Re: [PATCH] proc: Disable /proc/$pid/wchan

Kees Cook <keescook@xxxxxxxxxxxx> · Wed, 29 Sep 2021 11:54:55 -0700

On Mon, Sep 27, 2021 at 01:50:56PM -0700, Josh Poimboeuf wrote:
> On Mon, Sep 27, 2021 at 11:07:27AM -0700, Kees Cook wrote:
> > On Mon, Sep 27, 2021 at 10:03:51AM +0100, Mark Rutland wrote:
> > > On Fri, Sep 24, 2021 at 07:26:22AM -0700, Kees Cook wrote:
> > > > On Fri, Sep 24, 2021 at 02:54:24PM +0100, Mark Rutland wrote:
> > > > > On Thu, Sep 23, 2021 at 06:16:16PM -0700, Kees Cook wrote:
> > > > > > On Thu, Sep 23, 2021 at 05:22:30PM -0700, Vito Caputo wrote:
> > > > > > > Instead of unwinding stacks maybe the kernel should be sticking an
> > > > > > > entrypoint address in the current task struct for get_wchan() to
> > > > > > > access, whenever userspace enters the kernel?
> > > > > > 
> > > > > > wchan is supposed to show where the kernel is at the instant the
> > > > > > get_wchan() happens. (i.e. recording it at syscall entry would just
> > > > > > always show syscall entry.)
> > > > > 
> > > > > It's supposed to show where a blocked task is blocked; the "wait
> > > > > channel".
> > > > > 
> > > > > I'd wanted to remove get_wchan since it requires cross-task stack
> > > > > walking, which is generally painful.
> > > > 
> > > > Right -- this is the "fragile" part I'm worried about.
> > 
> > I'd like to clarify this concern first -- is the proposed fix actually
> > fragile?
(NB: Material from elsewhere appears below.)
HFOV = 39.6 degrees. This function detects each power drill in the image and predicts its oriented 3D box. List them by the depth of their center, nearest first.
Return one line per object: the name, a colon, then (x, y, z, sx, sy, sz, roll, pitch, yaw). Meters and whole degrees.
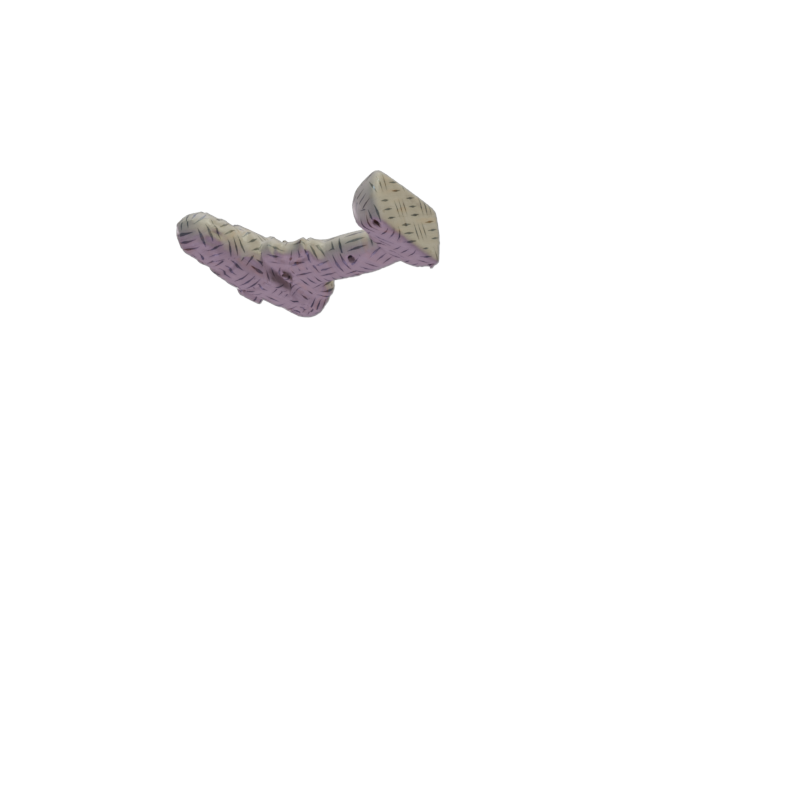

Because I think we'd be better off just restoring behavior than
> > trying to invent new behavior...
> > 
> > i.e. Josh, Jann, do you see any issues with Qi Zheng's fix here:
> > https://lore.kernel.org/all/20210924062006.231699-4-keescook@xxxxxxxxxxxx/
> 
> Even with that patch, it doesn't lock the task's runqueue before reading
> the stack, so there's still the possibility of the task running on
> another CPU and the unwinder going off the rails a bit, which might be
> used by an attacker in creative ways similar to the /proc/<pid>/stack
> vulnerability Jann mentioned earlier.

Since I think we're considering get_wchan() to be slow-path, can we just
lock the runqueue and use arch_stack_walk_reliable()?

-- 
Kees Cook